We recently had a cloud-down issue caused by a hard power failure on all nodes of the cloud at the same point in time. This took all three of the percona-cluster units offline and they all powered back up within a minute of each other. All nodes were in non-primary mode when found running and denying connections from openstack services.
All three units noted this within 10 seconds of each other:
180108 16:25:31 [Note] WSREP: Setting initial position to 72d2bae9-5df8-11e6-bb62-cb546a1bb47f:930203610
Then followed with https://pastebin.ubuntu.com/26418976/
180108 16:26:01 [Warning] WSREP: no nodes coming from prim view, prim not possible
and
180108 16:26:12 [ERROR] WSREP: failed to open gcomm backend connection: 110: failed to reach primary view: 110 (Connection timed out)
at gcomm/src/pc.cpp:connect():141
180108 16:26:12 [ERROR] WSREP: gcs/src/gcs_core.c:gcs_core_open():196: Failed to open backend connection: -110 (Connection timed out)
180108 16:26:12 [ERROR] WSREP: gcs/src/gcs.c:gcs_open():1292: Failed to open channel 'juju_cluster' at 'gcomm://10.28.2.244,10.28.2.194,10.28.2.226': -110 (Connection timed out)
both seem to be important pieces of this issue.
What I'm wondering is why, if all 3 nodes of a percona-cluster determine that they're starting with the same initial position wouldn't the cluster elect a primary member automatically?
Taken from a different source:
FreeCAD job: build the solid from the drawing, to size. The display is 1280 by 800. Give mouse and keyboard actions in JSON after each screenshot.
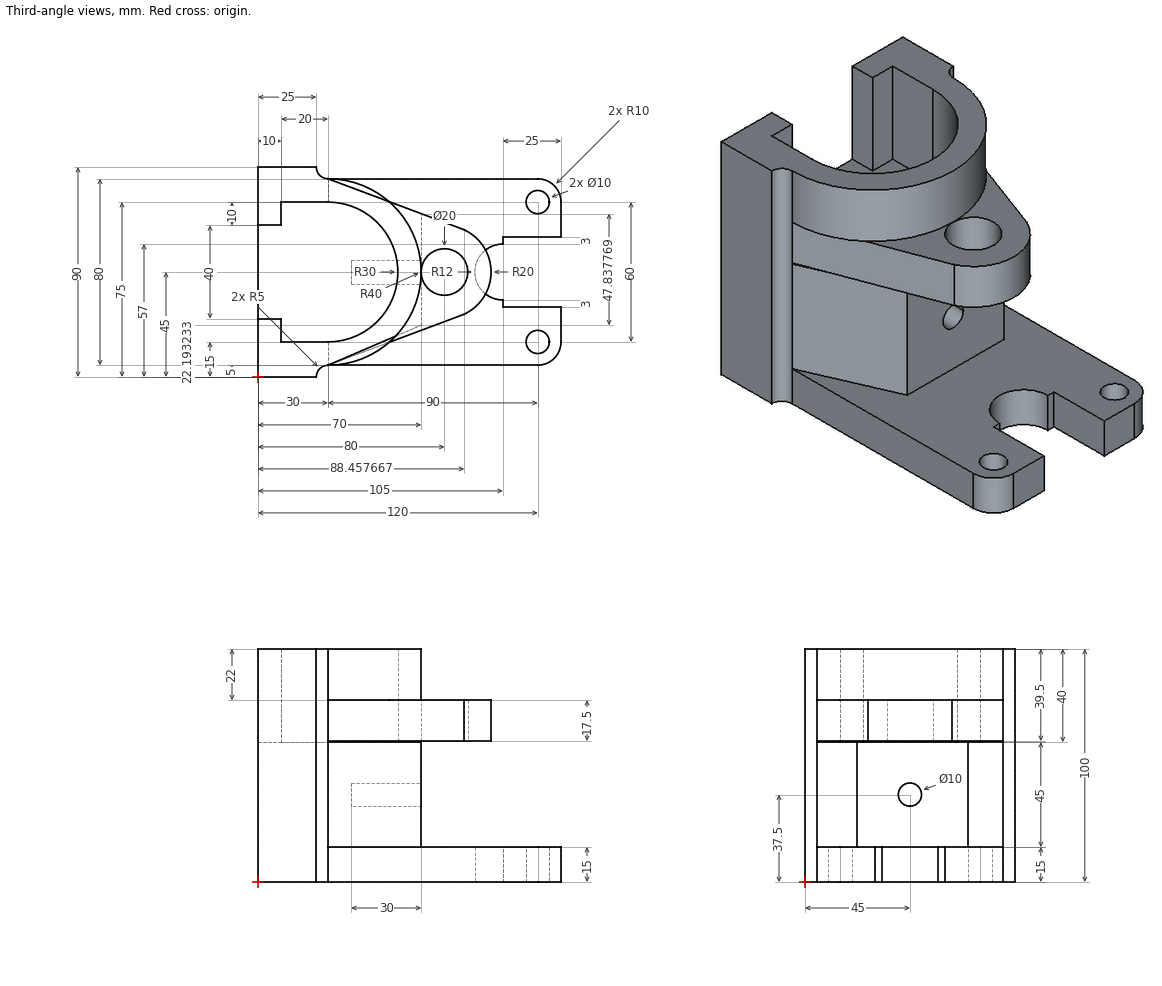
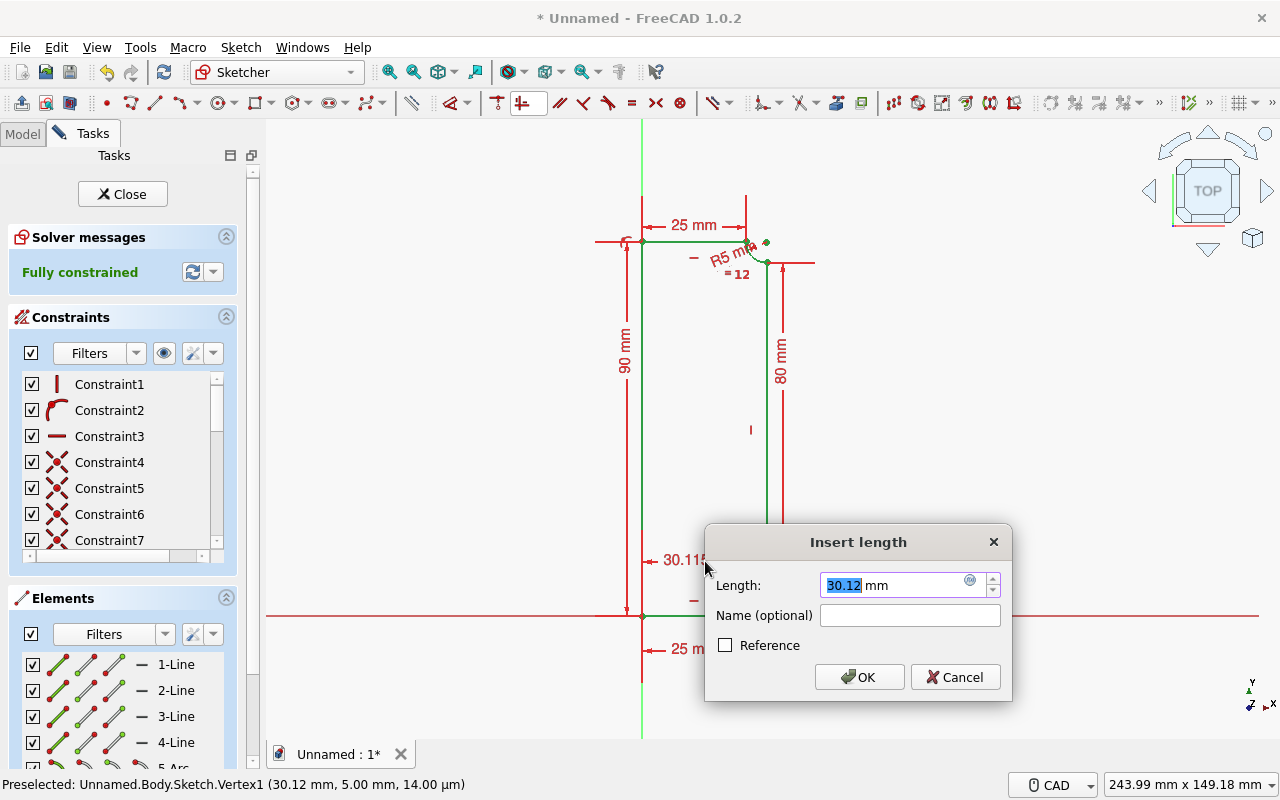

This resulted in an extended cloud downtime and manual recovery of many of the nova/neutron services was necessary after manually reforming the percona-cluster.
Percona can't auto-restore from a all-node power failure, a manual intervention is needed.
https:/ /www.percona. com/blog/ 2014/09/ 01/galera- replication- how-to- recover- a-pxc-cluster/
Scenario 6 in the above link explains the recovery from full-node failure.